Par exemple, dans “VIVEMENT QUOI” où l’artiste apparaît juste dans une salle de bain désaffectée sans esquisser un mot ou une expression, alors que ses lyrics et d’autres textes sont projetés aux murs.
Même chose dans “DEMI MOORE” où les même type d’image se répètent en boucle. Ce minimalisme à l’image couplé à l’artiste qui apparaît de manière charismatique tout en laissant parler la musique, est caractéristique du mode d’expression d’Asinine.

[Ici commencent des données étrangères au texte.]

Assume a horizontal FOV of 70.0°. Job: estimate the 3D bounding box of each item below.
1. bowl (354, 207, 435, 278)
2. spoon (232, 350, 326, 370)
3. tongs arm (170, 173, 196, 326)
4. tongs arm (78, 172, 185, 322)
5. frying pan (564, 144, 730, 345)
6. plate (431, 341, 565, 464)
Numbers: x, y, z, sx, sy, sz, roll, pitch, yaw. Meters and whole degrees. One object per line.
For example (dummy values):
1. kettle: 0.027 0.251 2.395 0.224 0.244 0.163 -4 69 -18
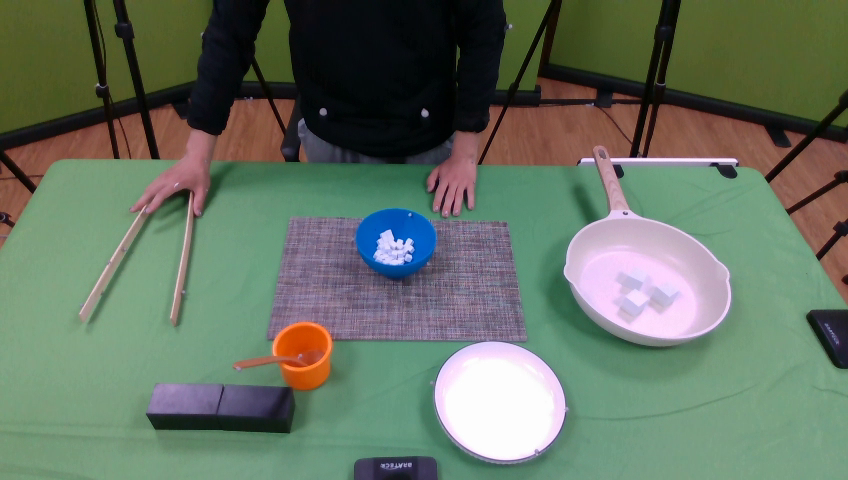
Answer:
1. bowl: -0.056 0.018 1.132 0.151 0.077 0.150 2 46 -2
2. spoon: -0.216 0.182 0.919 0.041 0.194 0.021 43 102 28
3. tongs arm: -0.461 0.003 1.155 0.028 0.028 0.385 -7 47 -7
4. tongs arm: -0.541 -0.001 1.147 0.051 0.026 0.382 5 45 -1
5. frying pan: 0.396 -0.008 1.179 0.307 0.103 0.484 0 55 -5
6. plate: 0.114 0.255 0.951 0.208 0.039 0.206 3 46 -2

Une imagerie qui reflète du glauque, presque de l’horrorcore, qui sera sans doute prolongée dans le prochain EP dont les premiers visuels la mette en scène seule dans une vieille grange au milieu d’un champ, avec en fond sonore les paroles d’une chanson de Peggy Lee (Is That All There Is, 1969). Cette chanson raconte d’ailleurs les déceptions d’une jeune fille qui grandit, et qui reste blasée face aux choses qui sont censées la rendre heureuse ; le parallèle avec la personnalité lunatique d’Asinine est évident. Encore une fois l’ambiance mystérieuse plane et on a envie d’en découvrir davantage.
Rendez-vous le 29 avril à 18h pour « Brûler la maison ».
P.S. : ici les vinyles sont déjà commandés.